Retype the records word for word. Skip every image.
BEGIN MATERIAL FOR THE TASK
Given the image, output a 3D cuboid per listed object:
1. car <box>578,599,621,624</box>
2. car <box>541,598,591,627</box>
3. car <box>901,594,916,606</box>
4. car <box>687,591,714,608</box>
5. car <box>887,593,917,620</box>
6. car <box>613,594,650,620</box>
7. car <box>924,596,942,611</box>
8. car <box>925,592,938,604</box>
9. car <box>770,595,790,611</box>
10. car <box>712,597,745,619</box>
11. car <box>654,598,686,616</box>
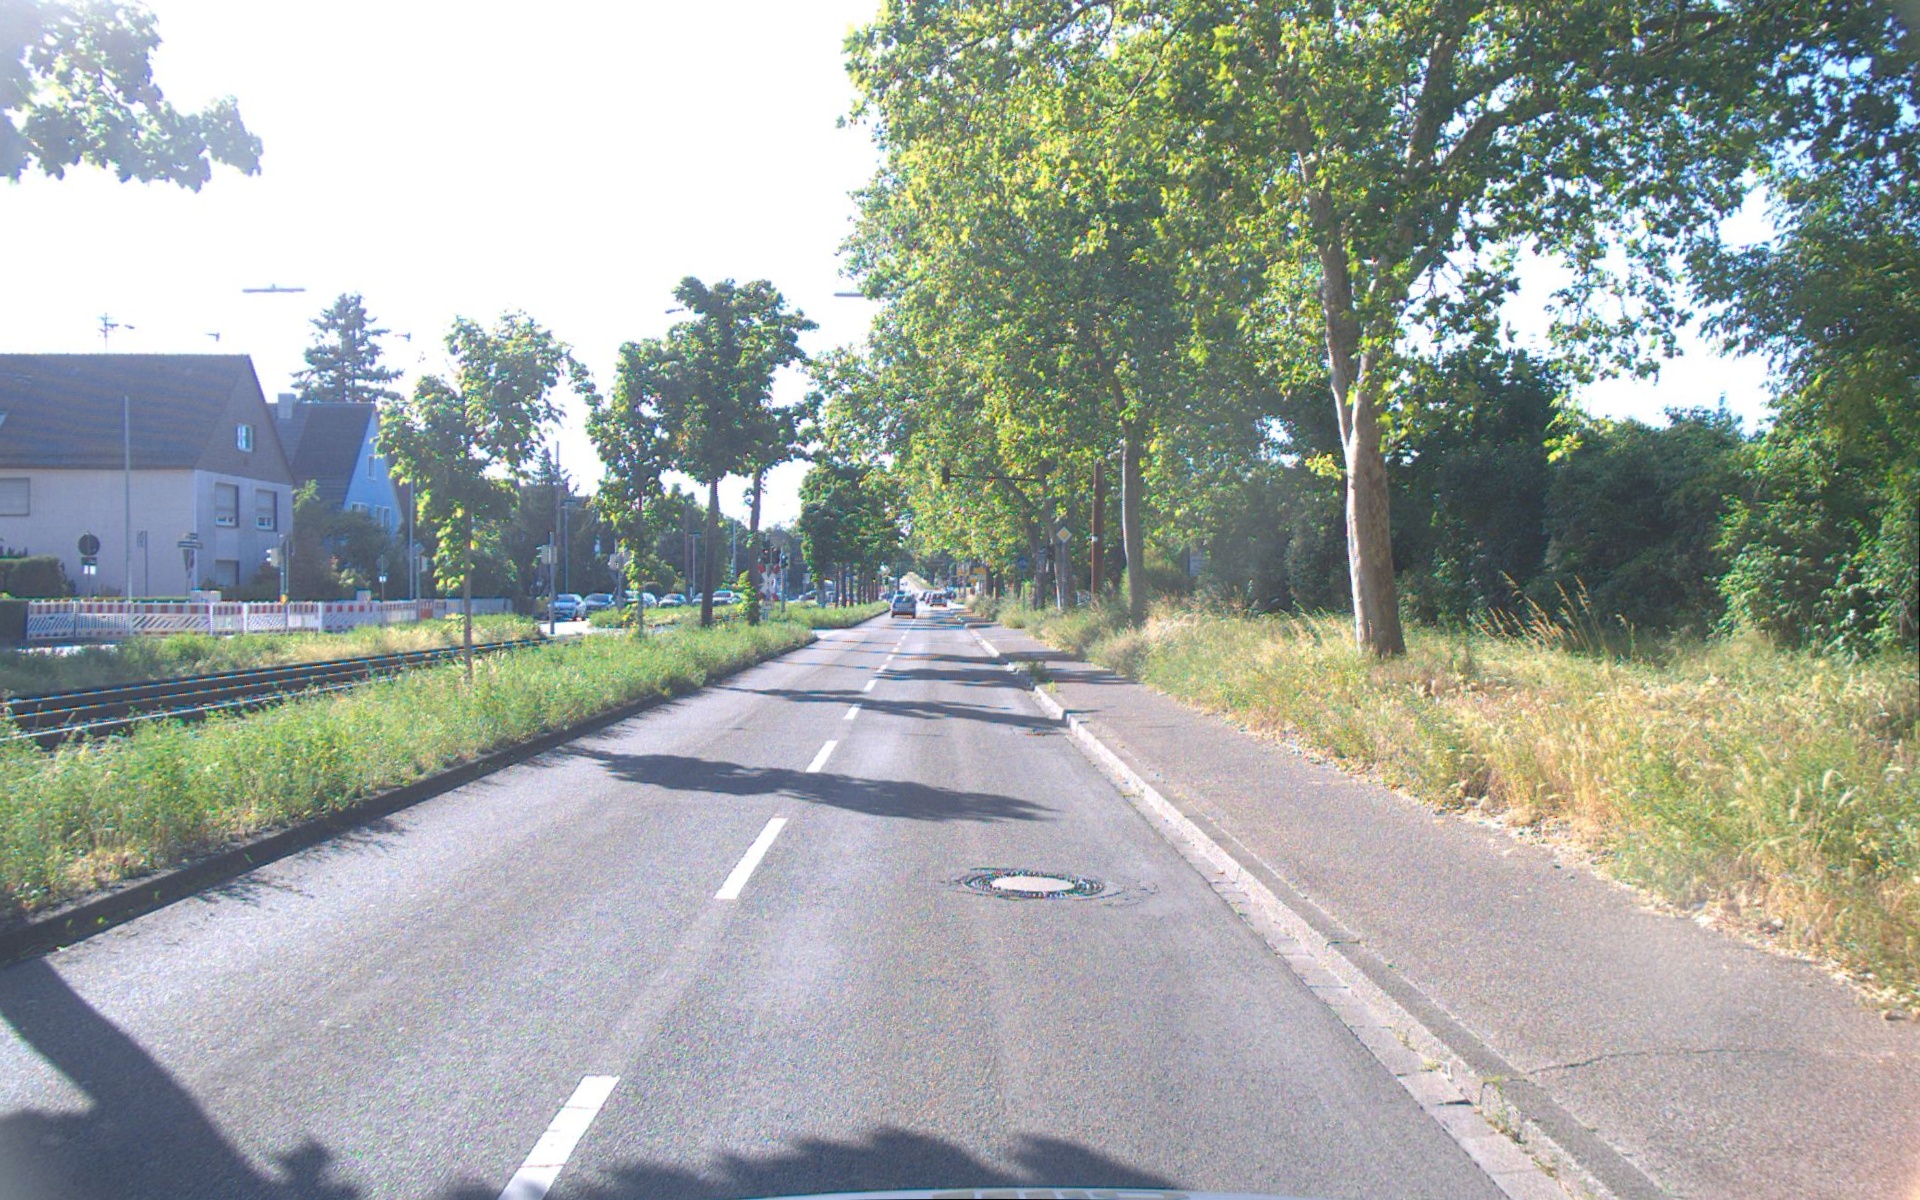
END MATERIAL FOR THE TASK
*RESPONSE*
Given the image, output a 3D cuboid per listed object:
1. car <box>578,599,621,624</box>
2. car <box>541,598,591,627</box>
3. car <box>901,594,916,606</box>
4. car <box>687,591,714,608</box>
5. car <box>887,593,917,620</box>
6. car <box>613,594,650,620</box>
7. car <box>924,596,942,611</box>
8. car <box>925,592,938,604</box>
9. car <box>770,595,790,611</box>
10. car <box>712,597,745,619</box>
11. car <box>654,598,686,616</box>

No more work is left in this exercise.